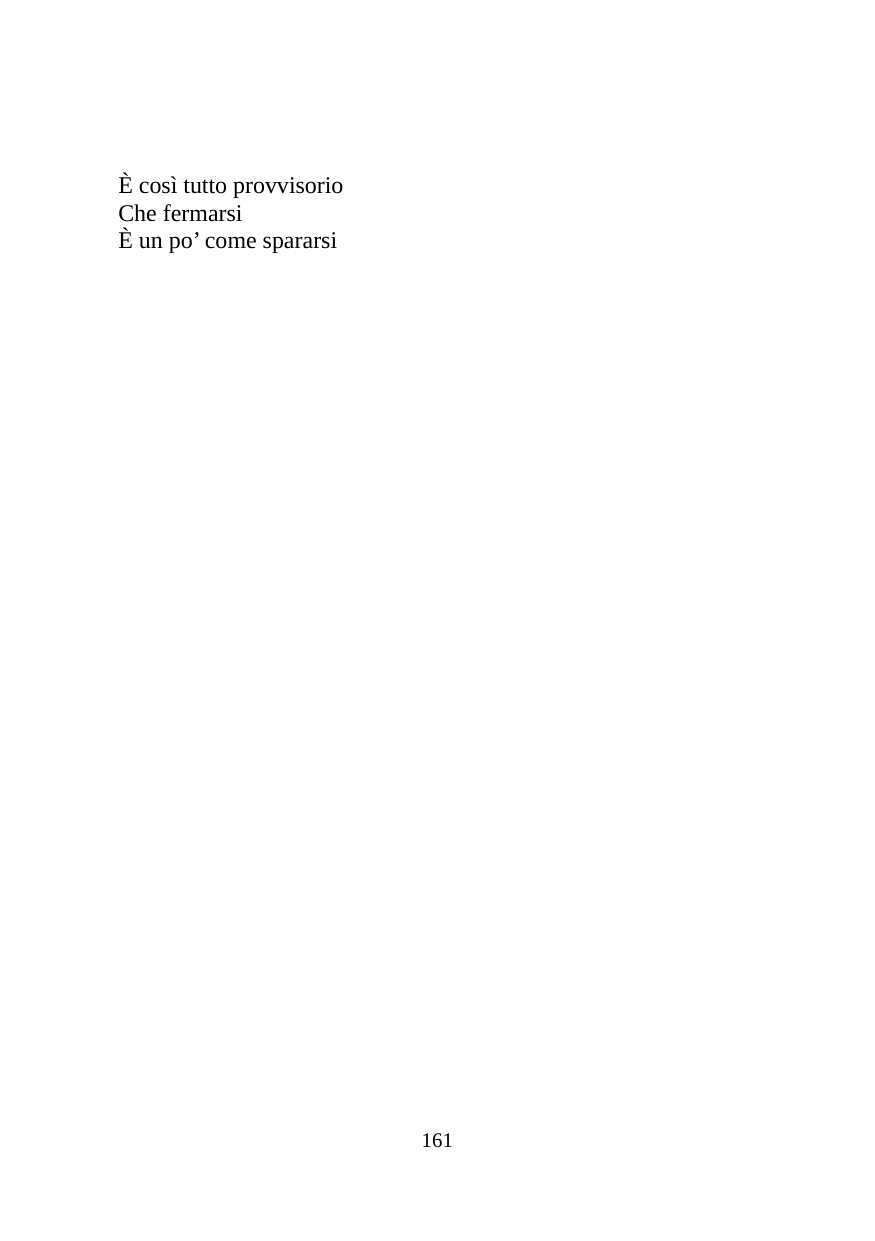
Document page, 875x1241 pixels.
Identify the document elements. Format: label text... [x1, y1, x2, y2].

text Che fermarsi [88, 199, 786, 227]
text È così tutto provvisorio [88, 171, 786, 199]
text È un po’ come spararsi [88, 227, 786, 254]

### WHAT IS EXPECTED
Give the lines of the entries above exactly as they appear, leaving out each picture.

### ANSWER SECTION
Document page, 875x1241 pixels.
Identify the document elements. Format: label text... [x1, y1, x2, y2].

text Che fermarsi [88, 199, 786, 227]
text È così tutto provvisorio [88, 171, 786, 199]
text È un po’ come spararsi [88, 227, 786, 254]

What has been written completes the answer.